#### Assignment
Would you return, word for word, the lines of the data below from the line with "Answer yes or no. Yes. Does Deep" through the line with "How would you", and no others?
-------- Given information --------
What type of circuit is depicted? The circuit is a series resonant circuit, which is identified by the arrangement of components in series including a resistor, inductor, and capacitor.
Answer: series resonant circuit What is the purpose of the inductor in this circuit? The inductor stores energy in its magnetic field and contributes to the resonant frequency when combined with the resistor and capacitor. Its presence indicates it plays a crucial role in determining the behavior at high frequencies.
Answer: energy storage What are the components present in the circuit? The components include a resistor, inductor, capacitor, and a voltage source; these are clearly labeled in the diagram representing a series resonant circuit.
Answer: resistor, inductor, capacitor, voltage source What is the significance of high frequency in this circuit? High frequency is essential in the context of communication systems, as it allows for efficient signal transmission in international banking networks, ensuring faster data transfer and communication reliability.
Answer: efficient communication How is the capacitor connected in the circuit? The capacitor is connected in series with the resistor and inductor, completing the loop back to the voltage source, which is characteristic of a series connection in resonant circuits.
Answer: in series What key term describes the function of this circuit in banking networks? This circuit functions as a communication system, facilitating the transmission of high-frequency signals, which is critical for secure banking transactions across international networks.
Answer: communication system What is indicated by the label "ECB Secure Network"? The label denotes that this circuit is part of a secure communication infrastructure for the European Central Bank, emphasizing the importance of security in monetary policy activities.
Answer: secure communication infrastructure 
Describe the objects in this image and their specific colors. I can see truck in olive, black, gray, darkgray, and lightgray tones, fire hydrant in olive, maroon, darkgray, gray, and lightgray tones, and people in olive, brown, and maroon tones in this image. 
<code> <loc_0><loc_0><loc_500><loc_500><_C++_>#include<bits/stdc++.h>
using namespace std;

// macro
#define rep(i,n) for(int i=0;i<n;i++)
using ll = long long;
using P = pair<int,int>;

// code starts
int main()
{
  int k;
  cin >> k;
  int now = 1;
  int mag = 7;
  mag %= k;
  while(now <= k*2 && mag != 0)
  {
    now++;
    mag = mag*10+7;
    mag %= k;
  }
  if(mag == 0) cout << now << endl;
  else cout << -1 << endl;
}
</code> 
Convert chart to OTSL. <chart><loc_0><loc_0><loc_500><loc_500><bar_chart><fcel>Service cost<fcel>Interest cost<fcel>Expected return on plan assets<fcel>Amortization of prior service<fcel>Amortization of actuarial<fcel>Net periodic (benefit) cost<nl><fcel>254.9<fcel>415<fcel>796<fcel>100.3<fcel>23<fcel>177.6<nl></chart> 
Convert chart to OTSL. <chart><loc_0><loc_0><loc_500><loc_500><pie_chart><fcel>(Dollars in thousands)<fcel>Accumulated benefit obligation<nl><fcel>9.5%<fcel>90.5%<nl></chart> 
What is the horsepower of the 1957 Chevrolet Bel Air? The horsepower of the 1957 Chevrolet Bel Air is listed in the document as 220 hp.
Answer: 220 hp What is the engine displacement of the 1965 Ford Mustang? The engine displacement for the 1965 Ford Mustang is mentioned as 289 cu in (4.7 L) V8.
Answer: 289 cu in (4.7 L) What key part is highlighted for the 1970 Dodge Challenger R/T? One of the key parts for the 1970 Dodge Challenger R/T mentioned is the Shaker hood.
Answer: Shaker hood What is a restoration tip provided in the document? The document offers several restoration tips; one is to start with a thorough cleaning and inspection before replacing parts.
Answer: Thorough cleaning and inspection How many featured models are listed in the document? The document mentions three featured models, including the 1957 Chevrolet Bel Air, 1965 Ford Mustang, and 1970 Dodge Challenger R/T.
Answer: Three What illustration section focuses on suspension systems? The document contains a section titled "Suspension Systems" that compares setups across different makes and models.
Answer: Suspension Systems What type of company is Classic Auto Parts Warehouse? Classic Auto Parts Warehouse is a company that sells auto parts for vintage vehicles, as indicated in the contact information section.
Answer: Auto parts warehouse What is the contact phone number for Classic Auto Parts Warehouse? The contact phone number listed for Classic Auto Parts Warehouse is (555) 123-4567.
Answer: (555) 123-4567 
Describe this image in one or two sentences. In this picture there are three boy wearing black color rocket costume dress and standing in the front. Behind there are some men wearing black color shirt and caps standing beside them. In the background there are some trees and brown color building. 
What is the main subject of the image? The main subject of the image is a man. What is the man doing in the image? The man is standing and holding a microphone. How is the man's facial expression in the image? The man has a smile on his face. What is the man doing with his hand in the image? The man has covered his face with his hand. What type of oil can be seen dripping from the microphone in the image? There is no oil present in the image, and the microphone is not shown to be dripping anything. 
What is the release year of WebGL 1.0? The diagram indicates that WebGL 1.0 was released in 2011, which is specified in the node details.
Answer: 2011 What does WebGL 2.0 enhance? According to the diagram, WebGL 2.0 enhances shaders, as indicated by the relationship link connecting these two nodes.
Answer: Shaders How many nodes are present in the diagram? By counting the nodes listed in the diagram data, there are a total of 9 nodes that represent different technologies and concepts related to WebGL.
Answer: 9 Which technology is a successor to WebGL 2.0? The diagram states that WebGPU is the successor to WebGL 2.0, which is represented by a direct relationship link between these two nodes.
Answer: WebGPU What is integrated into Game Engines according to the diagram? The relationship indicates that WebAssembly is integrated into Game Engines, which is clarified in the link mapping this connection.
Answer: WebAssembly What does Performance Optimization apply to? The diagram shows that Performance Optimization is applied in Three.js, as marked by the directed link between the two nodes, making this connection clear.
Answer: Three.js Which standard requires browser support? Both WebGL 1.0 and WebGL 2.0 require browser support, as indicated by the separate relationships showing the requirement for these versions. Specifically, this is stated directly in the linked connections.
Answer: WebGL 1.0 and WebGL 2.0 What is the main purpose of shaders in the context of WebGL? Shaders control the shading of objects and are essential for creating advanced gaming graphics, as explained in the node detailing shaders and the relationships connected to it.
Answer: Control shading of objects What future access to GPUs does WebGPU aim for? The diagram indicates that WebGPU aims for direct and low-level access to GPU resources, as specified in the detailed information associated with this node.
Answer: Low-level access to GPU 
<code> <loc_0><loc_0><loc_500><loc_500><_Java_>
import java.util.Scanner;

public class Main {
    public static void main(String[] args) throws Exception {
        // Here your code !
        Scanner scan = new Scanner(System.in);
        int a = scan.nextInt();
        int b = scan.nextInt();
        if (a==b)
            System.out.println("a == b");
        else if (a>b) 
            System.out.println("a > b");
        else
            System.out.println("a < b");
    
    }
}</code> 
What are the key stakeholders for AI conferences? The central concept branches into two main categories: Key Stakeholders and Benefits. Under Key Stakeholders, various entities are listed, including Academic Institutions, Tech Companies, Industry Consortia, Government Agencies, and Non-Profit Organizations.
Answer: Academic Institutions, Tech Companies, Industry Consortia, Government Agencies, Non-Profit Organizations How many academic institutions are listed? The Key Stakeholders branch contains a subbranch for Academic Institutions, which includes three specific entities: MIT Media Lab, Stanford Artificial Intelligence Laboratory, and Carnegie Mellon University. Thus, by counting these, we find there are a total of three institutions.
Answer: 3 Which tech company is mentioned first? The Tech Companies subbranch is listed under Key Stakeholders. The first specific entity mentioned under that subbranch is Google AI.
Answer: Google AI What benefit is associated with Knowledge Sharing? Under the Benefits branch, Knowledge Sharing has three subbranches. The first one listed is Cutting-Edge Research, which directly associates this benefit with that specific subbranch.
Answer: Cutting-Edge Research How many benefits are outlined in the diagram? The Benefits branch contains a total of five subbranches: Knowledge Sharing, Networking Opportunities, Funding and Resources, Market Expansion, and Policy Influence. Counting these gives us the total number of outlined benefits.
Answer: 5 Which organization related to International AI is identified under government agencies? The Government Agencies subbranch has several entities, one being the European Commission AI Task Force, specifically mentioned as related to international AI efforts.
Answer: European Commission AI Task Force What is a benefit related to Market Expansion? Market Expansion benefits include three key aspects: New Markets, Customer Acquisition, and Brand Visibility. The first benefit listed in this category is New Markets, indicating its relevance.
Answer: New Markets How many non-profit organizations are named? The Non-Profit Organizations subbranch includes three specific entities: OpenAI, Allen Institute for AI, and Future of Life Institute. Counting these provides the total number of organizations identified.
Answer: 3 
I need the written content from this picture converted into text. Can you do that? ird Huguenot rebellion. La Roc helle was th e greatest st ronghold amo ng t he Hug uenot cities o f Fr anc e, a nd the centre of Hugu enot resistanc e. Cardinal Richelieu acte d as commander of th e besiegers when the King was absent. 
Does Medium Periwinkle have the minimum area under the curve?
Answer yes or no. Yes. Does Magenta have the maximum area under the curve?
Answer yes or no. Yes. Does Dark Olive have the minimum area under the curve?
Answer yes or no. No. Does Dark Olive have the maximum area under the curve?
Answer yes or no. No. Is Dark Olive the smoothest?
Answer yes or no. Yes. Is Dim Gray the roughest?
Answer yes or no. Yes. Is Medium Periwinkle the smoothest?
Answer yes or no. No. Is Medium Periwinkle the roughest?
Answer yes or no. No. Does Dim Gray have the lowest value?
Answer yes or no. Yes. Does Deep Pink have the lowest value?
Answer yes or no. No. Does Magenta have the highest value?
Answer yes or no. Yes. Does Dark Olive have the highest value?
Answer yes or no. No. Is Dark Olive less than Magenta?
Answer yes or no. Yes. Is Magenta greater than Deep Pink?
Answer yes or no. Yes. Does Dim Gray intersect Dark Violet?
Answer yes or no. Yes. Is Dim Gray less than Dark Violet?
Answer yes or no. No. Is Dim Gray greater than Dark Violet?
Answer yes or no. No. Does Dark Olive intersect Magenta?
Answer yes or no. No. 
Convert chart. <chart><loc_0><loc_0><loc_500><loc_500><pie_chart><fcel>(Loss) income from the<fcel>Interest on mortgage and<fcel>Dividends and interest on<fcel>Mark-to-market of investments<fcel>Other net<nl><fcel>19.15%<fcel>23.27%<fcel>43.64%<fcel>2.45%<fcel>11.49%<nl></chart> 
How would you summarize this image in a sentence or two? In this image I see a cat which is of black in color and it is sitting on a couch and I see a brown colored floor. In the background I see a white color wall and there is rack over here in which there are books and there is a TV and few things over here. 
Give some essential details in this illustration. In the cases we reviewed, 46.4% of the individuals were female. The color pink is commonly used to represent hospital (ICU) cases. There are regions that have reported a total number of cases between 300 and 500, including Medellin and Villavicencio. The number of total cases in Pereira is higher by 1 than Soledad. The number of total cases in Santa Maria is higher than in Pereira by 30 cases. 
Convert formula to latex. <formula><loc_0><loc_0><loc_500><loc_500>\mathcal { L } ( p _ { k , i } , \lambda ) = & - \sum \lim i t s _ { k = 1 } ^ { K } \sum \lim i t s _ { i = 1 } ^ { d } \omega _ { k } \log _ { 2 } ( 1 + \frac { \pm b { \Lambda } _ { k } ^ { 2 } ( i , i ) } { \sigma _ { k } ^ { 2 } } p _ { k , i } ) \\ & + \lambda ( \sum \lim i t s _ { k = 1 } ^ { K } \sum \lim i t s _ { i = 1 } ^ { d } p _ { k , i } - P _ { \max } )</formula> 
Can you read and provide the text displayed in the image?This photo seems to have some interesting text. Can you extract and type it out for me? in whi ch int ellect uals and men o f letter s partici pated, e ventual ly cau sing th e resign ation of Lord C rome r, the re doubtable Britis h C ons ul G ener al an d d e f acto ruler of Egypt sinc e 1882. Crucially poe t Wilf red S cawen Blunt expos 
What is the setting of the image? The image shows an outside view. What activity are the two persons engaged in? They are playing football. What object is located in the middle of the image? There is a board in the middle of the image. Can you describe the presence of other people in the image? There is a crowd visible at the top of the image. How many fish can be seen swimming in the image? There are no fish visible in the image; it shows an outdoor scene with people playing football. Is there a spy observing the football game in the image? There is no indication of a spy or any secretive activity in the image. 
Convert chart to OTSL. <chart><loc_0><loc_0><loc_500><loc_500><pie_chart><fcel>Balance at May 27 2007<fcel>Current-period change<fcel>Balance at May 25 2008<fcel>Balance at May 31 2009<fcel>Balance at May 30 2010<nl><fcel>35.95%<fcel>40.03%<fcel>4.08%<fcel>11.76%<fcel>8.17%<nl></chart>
--------
#### Response
Answer yes or no. Yes. Does Deep Pink have the lowest value?
Answer yes or no. No. Does Magenta have the highest value?
Answer yes or no. Yes. Does Dark Olive have the highest value?
Answer yes or no. No. Is Dark Olive less than Magenta?
Answer yes or no. Yes. Is Magenta greater than Deep Pink?
Answer yes or no. Yes. Does Dim Gray intersect Dark Violet?
Answer yes or no. Yes. Is Dim Gray less than Dark Violet?
Answer yes or no. No. Is Dim Gray greater than Dark Violet?
Answer yes or no. No. Does Dark Olive intersect Magenta?
Answer yes or no. No. 
Convert chart. <chart><loc_0><loc_0><loc_500><loc_500><pie_chart><fcel>(Loss) income from the<fcel>Interest on mortgage and<fcel>Dividends and interest on<fcel>Mark-to-market of investments<fcel>Other net<nl><fcel>19.15%<fcel>23.27%<fcel>43.64%<fcel>2.45%<fcel>11.49%<nl></chart> 
How would you summarize this image in a sentence or two? In this image I see a cat which is of black in color and it is sitting on a couch and I see a brown colored floor. In the background I see a white color wall and there is rack over here in which there are books and there is a TV and few things over here. 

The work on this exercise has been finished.